### EXERCISE PROMPT
For every line of the records below that holds "along", add one. Give only the final total.

Records excerpted from a collection:
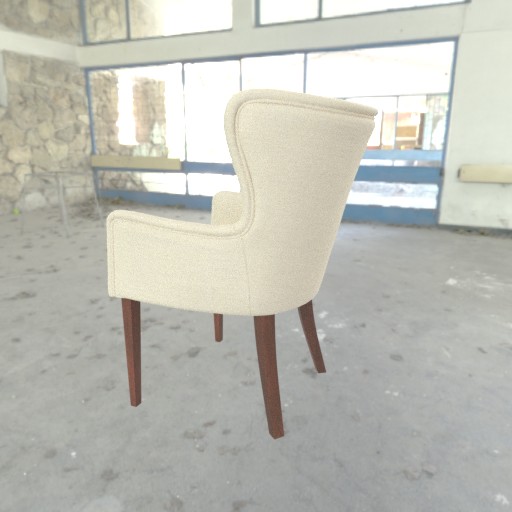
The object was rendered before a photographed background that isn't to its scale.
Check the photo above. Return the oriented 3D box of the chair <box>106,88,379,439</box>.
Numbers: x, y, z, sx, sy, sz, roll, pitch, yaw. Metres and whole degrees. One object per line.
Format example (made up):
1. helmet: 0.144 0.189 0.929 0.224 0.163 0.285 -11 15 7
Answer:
1. chair: 0.000 0.000 1.498 0.744 0.990 0.696 7 16 25
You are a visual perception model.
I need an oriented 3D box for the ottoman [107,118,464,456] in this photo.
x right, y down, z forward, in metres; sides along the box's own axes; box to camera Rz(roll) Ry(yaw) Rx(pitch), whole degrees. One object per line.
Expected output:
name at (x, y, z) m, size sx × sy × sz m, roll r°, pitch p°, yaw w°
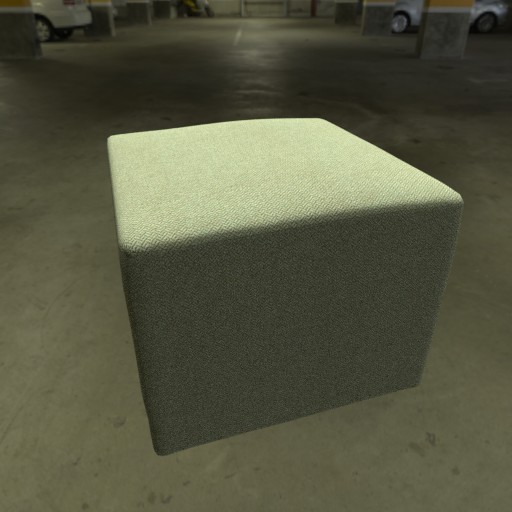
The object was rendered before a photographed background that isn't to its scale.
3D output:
ottoman at (0.000, 0.000, 0.892) m, size 0.512 × 0.453 × 0.521 m, roll -9°, pitch 32°, yaw -15°
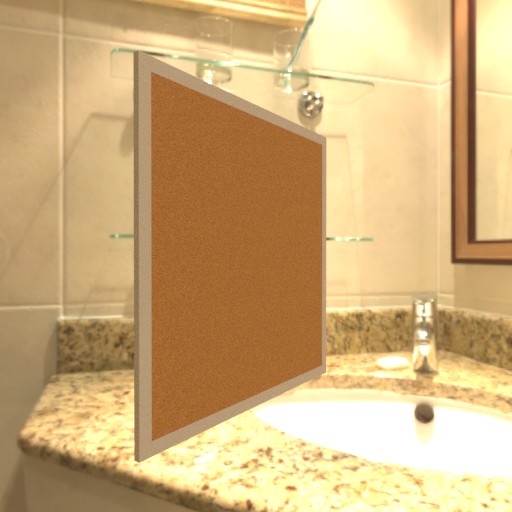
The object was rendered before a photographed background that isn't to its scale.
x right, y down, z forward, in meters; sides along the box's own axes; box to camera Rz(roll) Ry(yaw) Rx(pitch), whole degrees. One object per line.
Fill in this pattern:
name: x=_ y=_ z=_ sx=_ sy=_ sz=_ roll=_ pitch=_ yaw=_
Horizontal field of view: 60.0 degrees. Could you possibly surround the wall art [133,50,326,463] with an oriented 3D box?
wall art: x=0.000 y=0.000 z=0.678 sx=0.009 sy=0.457 sz=0.456 roll=0 pitch=1 yaw=36
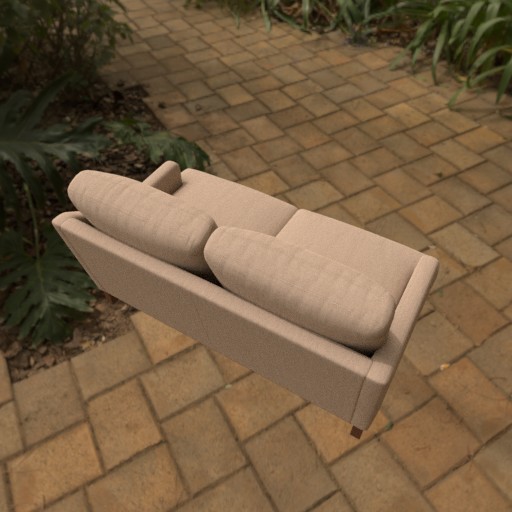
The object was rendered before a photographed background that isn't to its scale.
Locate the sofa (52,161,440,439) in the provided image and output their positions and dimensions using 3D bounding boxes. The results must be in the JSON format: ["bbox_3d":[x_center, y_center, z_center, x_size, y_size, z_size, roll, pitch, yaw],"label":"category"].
[{"bbox_3d":[0.000,0.000,2.203,1.619,0.910,1.004,23,50,21],"label":"sofa"}]
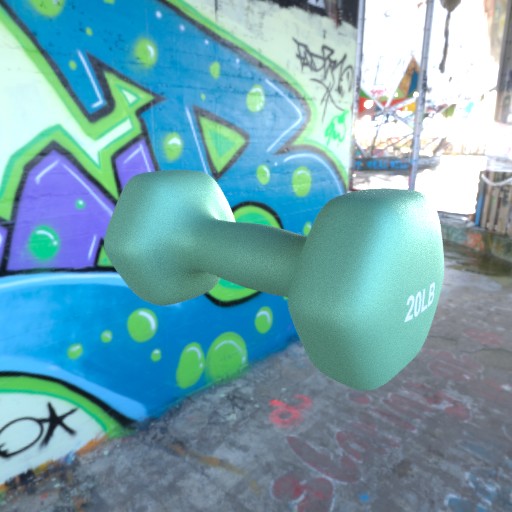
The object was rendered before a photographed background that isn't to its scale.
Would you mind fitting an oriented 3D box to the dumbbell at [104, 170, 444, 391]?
[{"bbox_3d":[0.000,0.000,0.338,0.260,0.117,0.129,14,21,41],"label":"dumbbell"}]

### SOLUTION FOR THIS EXERCISE
2